How we encrypt your customers' keys

If you take custody of crypto for someone else, the question that matters most is: where is the master mnemonic, and who can read it?

SwyDex uses envelope encryption. Each tenant gets a Data Encryption Key (DEK) — 32 random bytes generated locally on a developer's laptop the first time we set up a region. The DEK encrypts every wallet mnemonic with AES-256-GCM. The DEK itself is then wrapped by a Key Encryption Key (KEK) held in Google Cloud KMS. We never write the plaintext DEK to disk; the wrapped blob lives in our env file.

At container start, the runtime calls kms.decrypt exactly once. The plaintext DEK lives in process memory only. The runtime service account has Decrypt-only KMS permissions — it cannot mint new wrapped blobs. To rotate, an operator authenticates as a separate user identity with Owner permissions on the project.

What this protects against:

• Someone with read access to our database walking off with an encrypted mnemonic.
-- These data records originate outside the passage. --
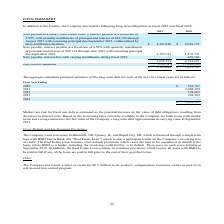From Amcon Distributing's financial document, What are the respective values of the company's net long term debt in 2018 and 2019? The document shows two values: $3,658,391 and $3,125,644. From the document: "$ 3,125,644 $ 3,658,391 varying installments during fiscal 2019 — 629,746 3,658,391 4,754,697..." Also, What are the respective values of the company's current maturities in 2018 and 2019? The document shows two values: 1,096,306 and 532,747. From the document: "Less current maturities (532,747) (1,096,306) Less current maturities (532,747) (1,096,306)..." Also, What are the respective values of the company's interest-free note payable in 2018 and 2019? The document shows two values: 629,746 and 0. From the document: "ee with varying installments during fiscal 2019 — 629,746 3,658,391 4,754,697 ee with varying installments during fiscal 2019 — 629,746 3,658,391 4,75..." Also, can you calculate: What is the percentage change in the company's net long-term debt between 2018 and 2019? To answer this question, I need to perform calculations using the financial data. The calculation is: (3,125,644 - 3,658,391)/3,658,391 , which equals -14.56 (percentage). This is based on the information: "varying installments during fiscal 2019 — 629,746 3,658,391 4,754,697 $ 3,125,644 $ 3,658,391..." The key data points involved are: 3,125,644, 3,658,391. Also, can you calculate: What is the percentage change in the company's interest-free note payable between 2018 and 2019? To answer this question, I need to perform calculations using the financial data. The calculation is: (0 - 629,746)/629,746 , which equals -100 (percentage). This is based on the information: "ee with varying installments during fiscal 2019 — 629,746 3,658,391 4,754,697 ee with varying installments during fiscal 2019 — 629,746 3,658,391 4,754,697..." The key data points involved are: 629,746. Also, can you calculate: What is the difference in the company's current maturities between 2018 and 2019? Based on the calculation: -532,747 - (1,096,306) , the result is 563559. This is based on the information: "Less current maturities (532,747) (1,096,306) Less current maturities (532,747) (1,096,306)..." The key data points involved are: 1,096,306, 532,747. 
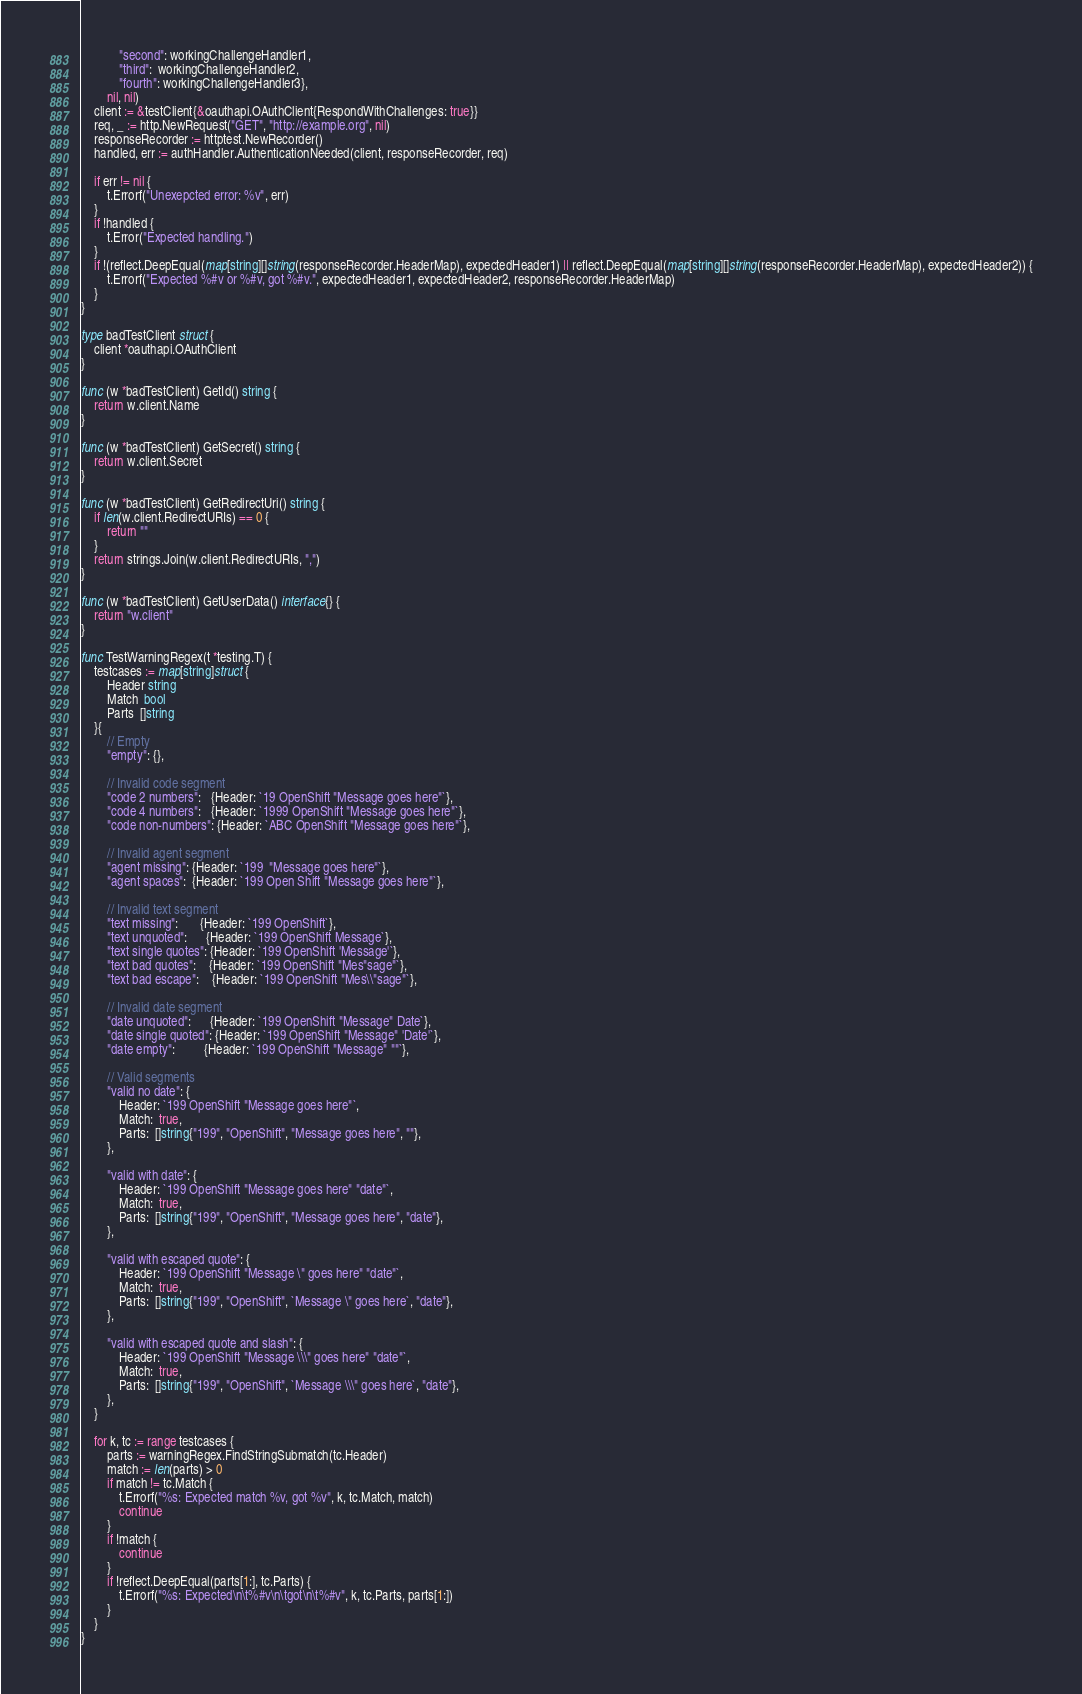Convert code to text. <code><loc_0><loc_0><loc_500><loc_500><_Go_>			"second": workingChallengeHandler1,
			"third":  workingChallengeHandler2,
			"fourth": workingChallengeHandler3},
		nil, nil)
	client := &testClient{&oauthapi.OAuthClient{RespondWithChallenges: true}}
	req, _ := http.NewRequest("GET", "http://example.org", nil)
	responseRecorder := httptest.NewRecorder()
	handled, err := authHandler.AuthenticationNeeded(client, responseRecorder, req)

	if err != nil {
		t.Errorf("Unexepcted error: %v", err)
	}
	if !handled {
		t.Error("Expected handling.")
	}
	if !(reflect.DeepEqual(map[string][]string(responseRecorder.HeaderMap), expectedHeader1) || reflect.DeepEqual(map[string][]string(responseRecorder.HeaderMap), expectedHeader2)) {
		t.Errorf("Expected %#v or %#v, got %#v.", expectedHeader1, expectedHeader2, responseRecorder.HeaderMap)
	}
}

type badTestClient struct {
	client *oauthapi.OAuthClient
}

func (w *badTestClient) GetId() string {
	return w.client.Name
}

func (w *badTestClient) GetSecret() string {
	return w.client.Secret
}

func (w *badTestClient) GetRedirectUri() string {
	if len(w.client.RedirectURIs) == 0 {
		return ""
	}
	return strings.Join(w.client.RedirectURIs, ",")
}

func (w *badTestClient) GetUserData() interface{} {
	return "w.client"
}

func TestWarningRegex(t *testing.T) {
	testcases := map[string]struct {
		Header string
		Match  bool
		Parts  []string
	}{
		// Empty
		"empty": {},

		// Invalid code segment
		"code 2 numbers":   {Header: `19 OpenShift "Message goes here"`},
		"code 4 numbers":   {Header: `1999 OpenShift "Message goes here"`},
		"code non-numbers": {Header: `ABC OpenShift "Message goes here"`},

		// Invalid agent segment
		"agent missing": {Header: `199  "Message goes here"`},
		"agent spaces":  {Header: `199 Open Shift "Message goes here"`},

		// Invalid text segment
		"text missing":       {Header: `199 OpenShift`},
		"text unquoted":      {Header: `199 OpenShift Message`},
		"text single quotes": {Header: `199 OpenShift 'Message'`},
		"text bad quotes":    {Header: `199 OpenShift "Mes"sage"`},
		"text bad escape":    {Header: `199 OpenShift "Mes\\"sage"`},

		// Invalid date segment
		"date unquoted":      {Header: `199 OpenShift "Message" Date`},
		"date single quoted": {Header: `199 OpenShift "Message" 'Date'`},
		"date empty":         {Header: `199 OpenShift "Message" ""`},

		// Valid segments
		"valid no date": {
			Header: `199 OpenShift "Message goes here"`,
			Match:  true,
			Parts:  []string{"199", "OpenShift", "Message goes here", ""},
		},

		"valid with date": {
			Header: `199 OpenShift "Message goes here" "date"`,
			Match:  true,
			Parts:  []string{"199", "OpenShift", "Message goes here", "date"},
		},

		"valid with escaped quote": {
			Header: `199 OpenShift "Message \" goes here" "date"`,
			Match:  true,
			Parts:  []string{"199", "OpenShift", `Message \" goes here`, "date"},
		},

		"valid with escaped quote and slash": {
			Header: `199 OpenShift "Message \\\" goes here" "date"`,
			Match:  true,
			Parts:  []string{"199", "OpenShift", `Message \\\" goes here`, "date"},
		},
	}

	for k, tc := range testcases {
		parts := warningRegex.FindStringSubmatch(tc.Header)
		match := len(parts) > 0
		if match != tc.Match {
			t.Errorf("%s: Expected match %v, got %v", k, tc.Match, match)
			continue
		}
		if !match {
			continue
		}
		if !reflect.DeepEqual(parts[1:], tc.Parts) {
			t.Errorf("%s: Expected\n\t%#v\n\tgot\n\t%#v", k, tc.Parts, parts[1:])
		}
	}
}
</code> 
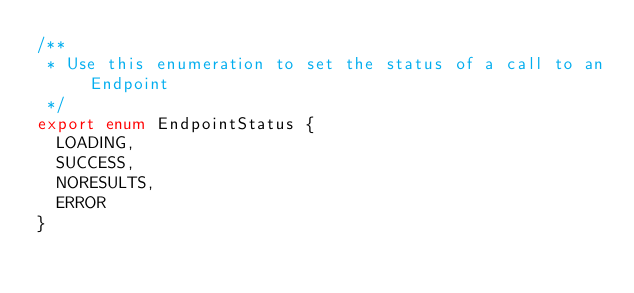<code> <loc_0><loc_0><loc_500><loc_500><_TypeScript_>/**
 * Use this enumeration to set the status of a call to an Endpoint
 */
export enum EndpointStatus {
  LOADING,
  SUCCESS,
  NORESULTS,
  ERROR
}
</code> 
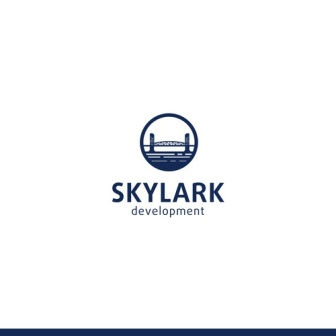Imagine this logo as part of a futuristic city. What would the city look like and what technological advancements might it showcase? Picture a futuristic city where cutting-edge technology seamlessly integrates with everyday life. The skyline is dominated by glistening skyscrapers equipped with green roofs and vertical gardens. Transparent glass domes house entire ecosystems, creating self-sufficient urban forests. Autonomous vehicles glide silently through the air and on the ground, reducing congestion and pollution. Smart infrastructure monitors and optimizes energy consumption across the city, while holographic displays provide real-time information to residents. The bridge in the logo, now realized, connects floating islands of the city, creating a vibrant network of thriving urban hubs, each a marvel of modern engineering and sustainable design.  What's the story behind the name 'Skylark Development'? In the early days of the company's inception, the founders were inspired by the skylarks—birds known for their melodic songs and high-altitude flights. They envisioned their urban development projects as soaring high above the ordinary, aiming to create environments that are not only functional but also uplifting and aesthetically pleasing. The name 'Skylark Development' embodies this vision of reaching new heights and transforming cityscapes into harmonious and innovative living spaces. 
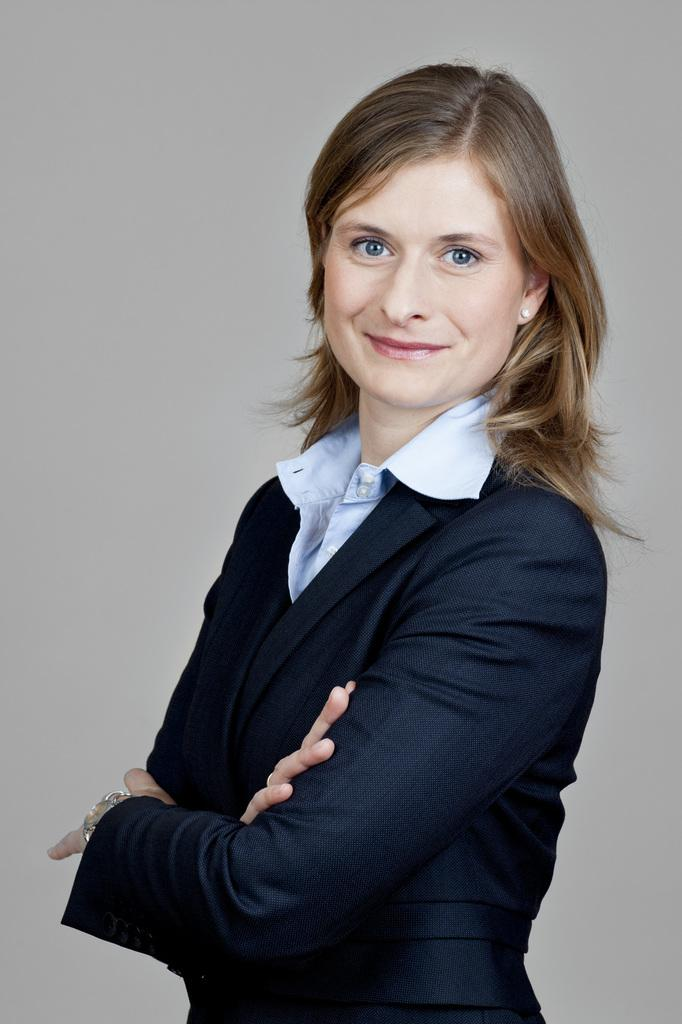Who is present in the image? There is a woman in the image. What expression does the woman have? The woman is smiling. What type of alarm is the woman holding in the image? There is no alarm present in the image; the woman is simply smiling. 
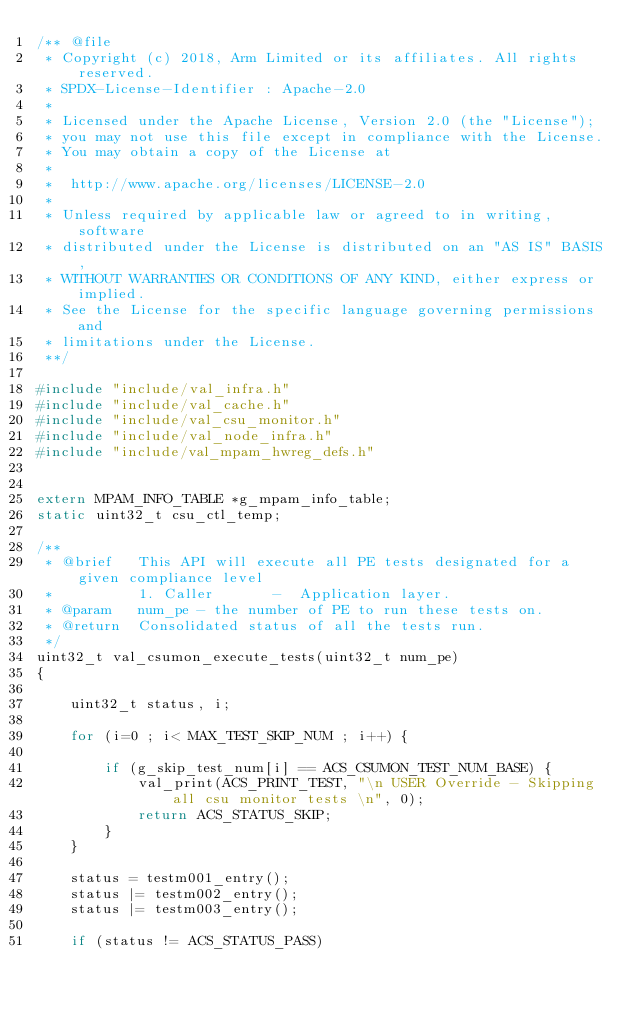Convert code to text. <code><loc_0><loc_0><loc_500><loc_500><_C_>/** @file
 * Copyright (c) 2018, Arm Limited or its affiliates. All rights reserved.
 * SPDX-License-Identifier : Apache-2.0
 *
 * Licensed under the Apache License, Version 2.0 (the "License");
 * you may not use this file except in compliance with the License.
 * You may obtain a copy of the License at
 *
 *  http://www.apache.org/licenses/LICENSE-2.0
 *
 * Unless required by applicable law or agreed to in writing, software
 * distributed under the License is distributed on an "AS IS" BASIS,
 * WITHOUT WARRANTIES OR CONDITIONS OF ANY KIND, either express or implied.
 * See the License for the specific language governing permissions and
 * limitations under the License.
 **/

#include "include/val_infra.h"
#include "include/val_cache.h"
#include "include/val_csu_monitor.h"
#include "include/val_node_infra.h"
#include "include/val_mpam_hwreg_defs.h"


extern MPAM_INFO_TABLE *g_mpam_info_table;
static uint32_t csu_ctl_temp;

/**
 * @brief   This API will execute all PE tests designated for a given compliance level
 *          1. Caller       -  Application layer.
 * @param   num_pe - the number of PE to run these tests on.
 * @return  Consolidated status of all the tests run.
 */
uint32_t val_csumon_execute_tests(uint32_t num_pe)
{

    uint32_t status, i;

    for (i=0 ; i< MAX_TEST_SKIP_NUM ; i++) {

        if (g_skip_test_num[i] == ACS_CSUMON_TEST_NUM_BASE) {
            val_print(ACS_PRINT_TEST, "\n USER Override - Skipping all csu monitor tests \n", 0);
            return ACS_STATUS_SKIP;
        }
    }

    status = testm001_entry();
    status |= testm002_entry();
    status |= testm003_entry();

    if (status != ACS_STATUS_PASS)</code>

Without the DEK they have ciphertext only.
• Someone with read access to our app filesystem getting the wrapped blob. Without the KMS service account, they can't unwrap.
• Someone hijacking the running app process. They can decrypt existing wallets — but they can't enroll new ones under a different DEK and pretend it's us.

What it does not protect against: an attacker who compromises the operator's laptop while they're holding the plaintext DEK during initial setup. We address that with hardware-token auth on KMS access and a short window for the setup ritual. Past initial setup, the plaintext DEK is always wrapped on disk.

If we ever lose KMS access, we lose the ability to decrypt. That is by design. The wrapped blob in our env files is useless without us, and the KMS key is useless to us if we don't have a mechanism to bring it back.